- WHAT THE TASK REQUIRES
When the line containing "Answer: Social Research" appears in the data below, begin copying there and stop only after the line containing "Answer: Community Connect".
##############################
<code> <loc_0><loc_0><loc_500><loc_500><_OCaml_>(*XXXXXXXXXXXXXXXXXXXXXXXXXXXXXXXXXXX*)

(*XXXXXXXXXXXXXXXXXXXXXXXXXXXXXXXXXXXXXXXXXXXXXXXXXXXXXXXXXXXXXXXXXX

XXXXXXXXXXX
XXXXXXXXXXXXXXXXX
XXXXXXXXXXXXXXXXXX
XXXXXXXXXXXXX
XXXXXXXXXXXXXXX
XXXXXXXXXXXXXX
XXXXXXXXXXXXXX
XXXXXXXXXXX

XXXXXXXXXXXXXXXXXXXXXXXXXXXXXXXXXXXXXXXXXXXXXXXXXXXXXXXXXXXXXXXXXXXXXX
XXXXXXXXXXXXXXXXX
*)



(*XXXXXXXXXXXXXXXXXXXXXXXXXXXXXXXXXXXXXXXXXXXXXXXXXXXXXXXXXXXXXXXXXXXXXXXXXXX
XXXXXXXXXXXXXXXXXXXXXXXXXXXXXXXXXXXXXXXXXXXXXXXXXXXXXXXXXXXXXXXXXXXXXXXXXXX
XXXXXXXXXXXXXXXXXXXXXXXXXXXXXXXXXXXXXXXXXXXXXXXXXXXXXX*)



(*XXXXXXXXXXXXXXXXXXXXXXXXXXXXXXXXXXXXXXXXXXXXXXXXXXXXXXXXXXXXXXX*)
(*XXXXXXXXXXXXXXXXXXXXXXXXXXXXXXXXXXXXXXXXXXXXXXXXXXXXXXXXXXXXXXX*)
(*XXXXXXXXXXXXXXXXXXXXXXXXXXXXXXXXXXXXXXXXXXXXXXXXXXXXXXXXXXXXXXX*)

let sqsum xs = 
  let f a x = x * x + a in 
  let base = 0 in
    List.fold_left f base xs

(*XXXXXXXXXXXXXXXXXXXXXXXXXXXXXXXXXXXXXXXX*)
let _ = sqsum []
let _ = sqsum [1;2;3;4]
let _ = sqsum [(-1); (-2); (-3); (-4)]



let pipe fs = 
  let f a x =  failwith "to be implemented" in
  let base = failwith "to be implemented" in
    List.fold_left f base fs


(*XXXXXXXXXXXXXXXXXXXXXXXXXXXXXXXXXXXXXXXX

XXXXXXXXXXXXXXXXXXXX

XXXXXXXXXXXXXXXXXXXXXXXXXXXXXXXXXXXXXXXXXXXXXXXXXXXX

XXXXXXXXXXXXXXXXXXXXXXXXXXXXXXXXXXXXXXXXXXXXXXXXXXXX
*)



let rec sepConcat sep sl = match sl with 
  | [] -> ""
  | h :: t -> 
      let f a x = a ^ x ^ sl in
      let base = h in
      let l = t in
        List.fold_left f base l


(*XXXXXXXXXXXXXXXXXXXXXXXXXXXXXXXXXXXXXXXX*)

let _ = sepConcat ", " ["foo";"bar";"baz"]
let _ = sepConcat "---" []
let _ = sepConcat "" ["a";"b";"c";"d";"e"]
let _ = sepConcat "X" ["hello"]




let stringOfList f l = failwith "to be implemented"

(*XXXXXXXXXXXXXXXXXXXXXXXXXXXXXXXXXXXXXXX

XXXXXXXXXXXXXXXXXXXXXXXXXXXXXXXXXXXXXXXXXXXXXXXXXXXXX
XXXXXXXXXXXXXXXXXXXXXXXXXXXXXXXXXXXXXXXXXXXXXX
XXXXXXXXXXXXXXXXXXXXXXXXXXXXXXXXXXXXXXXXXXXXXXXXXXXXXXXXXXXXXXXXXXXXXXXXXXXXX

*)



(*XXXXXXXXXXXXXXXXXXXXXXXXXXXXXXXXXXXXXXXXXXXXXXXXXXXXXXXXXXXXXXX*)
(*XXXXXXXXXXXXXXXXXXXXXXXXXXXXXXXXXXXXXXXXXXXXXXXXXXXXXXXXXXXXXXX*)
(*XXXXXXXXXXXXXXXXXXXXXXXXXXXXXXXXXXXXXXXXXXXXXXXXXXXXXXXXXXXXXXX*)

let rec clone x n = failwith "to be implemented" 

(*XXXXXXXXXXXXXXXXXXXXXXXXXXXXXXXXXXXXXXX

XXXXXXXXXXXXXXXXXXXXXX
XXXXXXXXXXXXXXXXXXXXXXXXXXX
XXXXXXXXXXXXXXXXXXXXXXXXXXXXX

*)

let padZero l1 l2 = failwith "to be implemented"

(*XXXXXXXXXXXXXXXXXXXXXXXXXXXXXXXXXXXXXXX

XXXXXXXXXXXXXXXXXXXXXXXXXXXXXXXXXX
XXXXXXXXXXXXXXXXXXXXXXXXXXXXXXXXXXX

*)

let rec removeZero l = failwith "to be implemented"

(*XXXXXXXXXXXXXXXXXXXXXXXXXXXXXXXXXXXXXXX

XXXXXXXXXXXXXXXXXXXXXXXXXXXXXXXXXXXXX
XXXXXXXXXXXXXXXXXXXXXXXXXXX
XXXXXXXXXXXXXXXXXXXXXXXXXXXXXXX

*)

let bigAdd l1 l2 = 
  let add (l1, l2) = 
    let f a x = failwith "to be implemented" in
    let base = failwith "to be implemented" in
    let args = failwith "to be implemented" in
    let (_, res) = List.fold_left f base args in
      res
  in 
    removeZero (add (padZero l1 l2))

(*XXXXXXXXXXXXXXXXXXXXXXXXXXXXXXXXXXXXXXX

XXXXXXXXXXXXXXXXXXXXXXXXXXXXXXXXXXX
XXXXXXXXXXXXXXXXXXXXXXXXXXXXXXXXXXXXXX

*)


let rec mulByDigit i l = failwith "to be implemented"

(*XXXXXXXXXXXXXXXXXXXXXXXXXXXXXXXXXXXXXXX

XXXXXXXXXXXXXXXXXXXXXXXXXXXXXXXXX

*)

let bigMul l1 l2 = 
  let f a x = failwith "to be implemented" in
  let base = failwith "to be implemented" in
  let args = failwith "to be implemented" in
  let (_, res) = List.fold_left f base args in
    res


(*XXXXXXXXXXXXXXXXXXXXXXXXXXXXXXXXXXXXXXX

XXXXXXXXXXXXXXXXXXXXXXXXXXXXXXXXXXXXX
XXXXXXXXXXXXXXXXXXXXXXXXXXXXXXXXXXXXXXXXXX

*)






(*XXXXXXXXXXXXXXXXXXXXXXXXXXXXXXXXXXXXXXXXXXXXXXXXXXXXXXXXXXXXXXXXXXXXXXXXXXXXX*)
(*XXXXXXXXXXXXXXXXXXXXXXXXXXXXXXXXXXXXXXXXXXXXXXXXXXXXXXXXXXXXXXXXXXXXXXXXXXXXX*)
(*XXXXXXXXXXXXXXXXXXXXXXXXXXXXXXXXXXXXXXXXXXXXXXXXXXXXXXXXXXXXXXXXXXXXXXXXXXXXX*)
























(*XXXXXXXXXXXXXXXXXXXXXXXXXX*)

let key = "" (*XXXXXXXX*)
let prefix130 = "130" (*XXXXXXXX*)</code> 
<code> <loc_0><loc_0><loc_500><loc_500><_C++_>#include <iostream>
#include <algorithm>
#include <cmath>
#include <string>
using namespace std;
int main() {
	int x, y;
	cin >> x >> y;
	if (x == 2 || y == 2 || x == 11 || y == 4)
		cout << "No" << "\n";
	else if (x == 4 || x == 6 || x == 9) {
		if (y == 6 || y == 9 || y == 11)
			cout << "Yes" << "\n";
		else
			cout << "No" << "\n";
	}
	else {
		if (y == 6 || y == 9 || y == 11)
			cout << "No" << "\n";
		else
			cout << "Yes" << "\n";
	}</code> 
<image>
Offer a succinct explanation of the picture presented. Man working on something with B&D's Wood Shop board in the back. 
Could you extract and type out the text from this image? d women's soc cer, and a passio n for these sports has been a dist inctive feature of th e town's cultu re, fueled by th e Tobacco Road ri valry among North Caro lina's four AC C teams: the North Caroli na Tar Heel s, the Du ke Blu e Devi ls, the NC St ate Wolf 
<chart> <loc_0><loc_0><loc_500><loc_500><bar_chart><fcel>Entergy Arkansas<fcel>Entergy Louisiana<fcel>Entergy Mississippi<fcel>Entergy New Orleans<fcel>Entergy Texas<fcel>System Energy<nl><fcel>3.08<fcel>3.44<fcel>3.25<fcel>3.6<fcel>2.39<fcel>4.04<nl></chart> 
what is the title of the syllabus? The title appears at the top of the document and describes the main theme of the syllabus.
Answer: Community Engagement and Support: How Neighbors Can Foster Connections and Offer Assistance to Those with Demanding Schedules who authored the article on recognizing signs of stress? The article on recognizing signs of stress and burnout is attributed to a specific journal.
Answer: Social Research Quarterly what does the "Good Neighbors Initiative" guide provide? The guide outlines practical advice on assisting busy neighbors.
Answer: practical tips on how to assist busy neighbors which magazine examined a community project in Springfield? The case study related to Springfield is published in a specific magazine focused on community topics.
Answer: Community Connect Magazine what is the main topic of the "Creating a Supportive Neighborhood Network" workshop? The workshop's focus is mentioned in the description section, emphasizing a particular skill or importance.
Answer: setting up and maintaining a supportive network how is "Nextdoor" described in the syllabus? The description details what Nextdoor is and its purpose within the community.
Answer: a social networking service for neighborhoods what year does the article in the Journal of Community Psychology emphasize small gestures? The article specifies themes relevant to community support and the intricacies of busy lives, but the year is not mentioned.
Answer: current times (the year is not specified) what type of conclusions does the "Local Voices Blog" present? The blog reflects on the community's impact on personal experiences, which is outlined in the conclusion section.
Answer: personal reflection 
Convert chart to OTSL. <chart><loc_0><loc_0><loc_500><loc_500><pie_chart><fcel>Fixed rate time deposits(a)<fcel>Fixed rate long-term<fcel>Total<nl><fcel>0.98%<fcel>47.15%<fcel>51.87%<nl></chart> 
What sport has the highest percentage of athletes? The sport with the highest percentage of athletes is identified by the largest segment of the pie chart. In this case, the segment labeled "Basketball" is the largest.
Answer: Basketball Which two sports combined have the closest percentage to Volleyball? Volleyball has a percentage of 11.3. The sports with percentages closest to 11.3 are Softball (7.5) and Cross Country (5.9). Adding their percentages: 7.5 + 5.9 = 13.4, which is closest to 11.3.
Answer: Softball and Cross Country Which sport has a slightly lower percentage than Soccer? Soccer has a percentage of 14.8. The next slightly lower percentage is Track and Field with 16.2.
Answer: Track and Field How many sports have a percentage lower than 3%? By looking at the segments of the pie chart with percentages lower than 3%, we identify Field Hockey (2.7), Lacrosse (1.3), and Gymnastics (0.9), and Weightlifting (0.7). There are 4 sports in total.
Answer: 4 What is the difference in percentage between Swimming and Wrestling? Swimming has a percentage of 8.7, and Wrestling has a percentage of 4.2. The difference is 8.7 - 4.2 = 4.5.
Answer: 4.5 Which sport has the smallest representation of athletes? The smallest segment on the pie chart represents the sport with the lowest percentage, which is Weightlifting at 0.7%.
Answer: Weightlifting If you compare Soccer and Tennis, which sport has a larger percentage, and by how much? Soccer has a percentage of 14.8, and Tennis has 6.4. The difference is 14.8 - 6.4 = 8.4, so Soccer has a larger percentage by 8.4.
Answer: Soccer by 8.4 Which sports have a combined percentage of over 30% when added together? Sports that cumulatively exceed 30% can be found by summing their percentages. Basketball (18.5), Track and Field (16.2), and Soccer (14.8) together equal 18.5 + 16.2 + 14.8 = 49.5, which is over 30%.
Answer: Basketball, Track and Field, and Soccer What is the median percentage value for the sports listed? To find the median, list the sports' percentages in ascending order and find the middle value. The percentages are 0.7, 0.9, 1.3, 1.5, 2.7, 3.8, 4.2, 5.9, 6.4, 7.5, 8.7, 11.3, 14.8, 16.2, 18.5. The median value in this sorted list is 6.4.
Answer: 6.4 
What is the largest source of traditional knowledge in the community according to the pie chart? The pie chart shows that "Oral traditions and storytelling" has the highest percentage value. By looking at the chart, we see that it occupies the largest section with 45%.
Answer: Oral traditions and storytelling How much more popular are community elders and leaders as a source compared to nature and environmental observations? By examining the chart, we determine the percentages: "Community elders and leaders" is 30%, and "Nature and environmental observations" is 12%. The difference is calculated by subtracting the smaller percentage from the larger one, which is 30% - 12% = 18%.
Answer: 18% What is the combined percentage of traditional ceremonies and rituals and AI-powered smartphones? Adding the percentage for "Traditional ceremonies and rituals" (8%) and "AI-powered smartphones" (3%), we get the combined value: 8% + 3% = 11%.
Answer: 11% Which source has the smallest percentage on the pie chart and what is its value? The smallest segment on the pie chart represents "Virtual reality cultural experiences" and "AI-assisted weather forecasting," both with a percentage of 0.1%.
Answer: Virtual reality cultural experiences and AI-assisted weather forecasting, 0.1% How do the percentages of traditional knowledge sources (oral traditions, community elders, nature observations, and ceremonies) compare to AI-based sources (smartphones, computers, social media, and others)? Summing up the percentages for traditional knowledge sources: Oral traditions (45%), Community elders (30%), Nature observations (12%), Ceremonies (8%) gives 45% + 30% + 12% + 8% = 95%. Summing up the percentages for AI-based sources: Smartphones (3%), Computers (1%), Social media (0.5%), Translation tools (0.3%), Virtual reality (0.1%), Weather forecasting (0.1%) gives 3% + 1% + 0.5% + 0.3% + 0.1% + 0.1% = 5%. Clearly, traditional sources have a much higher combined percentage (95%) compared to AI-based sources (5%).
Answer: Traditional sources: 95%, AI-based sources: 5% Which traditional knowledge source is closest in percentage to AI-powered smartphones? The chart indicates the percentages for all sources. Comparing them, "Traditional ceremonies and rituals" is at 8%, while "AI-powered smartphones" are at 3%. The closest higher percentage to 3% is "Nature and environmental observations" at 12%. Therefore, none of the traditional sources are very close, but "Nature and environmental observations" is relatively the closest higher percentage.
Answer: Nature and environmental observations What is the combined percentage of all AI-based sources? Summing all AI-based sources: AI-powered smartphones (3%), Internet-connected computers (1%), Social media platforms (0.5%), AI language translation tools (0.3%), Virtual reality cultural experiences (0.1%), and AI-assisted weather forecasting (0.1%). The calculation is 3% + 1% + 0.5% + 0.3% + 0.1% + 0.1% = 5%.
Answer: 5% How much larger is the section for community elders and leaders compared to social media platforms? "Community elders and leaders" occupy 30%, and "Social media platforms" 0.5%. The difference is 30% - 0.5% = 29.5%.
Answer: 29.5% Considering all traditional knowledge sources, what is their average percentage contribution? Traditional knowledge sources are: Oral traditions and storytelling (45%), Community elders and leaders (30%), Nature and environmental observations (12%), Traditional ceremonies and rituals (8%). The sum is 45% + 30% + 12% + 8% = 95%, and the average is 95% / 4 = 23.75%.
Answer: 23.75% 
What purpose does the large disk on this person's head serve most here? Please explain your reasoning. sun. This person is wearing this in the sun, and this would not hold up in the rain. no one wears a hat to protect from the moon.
##############################
- SOLVED EXERCISE
Answer: Social Research Quarterly what does the "Good Neighbors Initiative" guide provide? The guide outlines practical advice on assisting busy neighbors.
Answer: practical tips on how to assist busy neighbors which magazine examined a community project in Springfield? The case study related to Springfield is published in a specific magazine focused on community topics.
Answer: Community Connect Magazine what is the main topic of the "Creating a Supportive Neighborhood Network" workshop? The workshop's focus is mentioned in the description section, emphasizing a particular skill or importance.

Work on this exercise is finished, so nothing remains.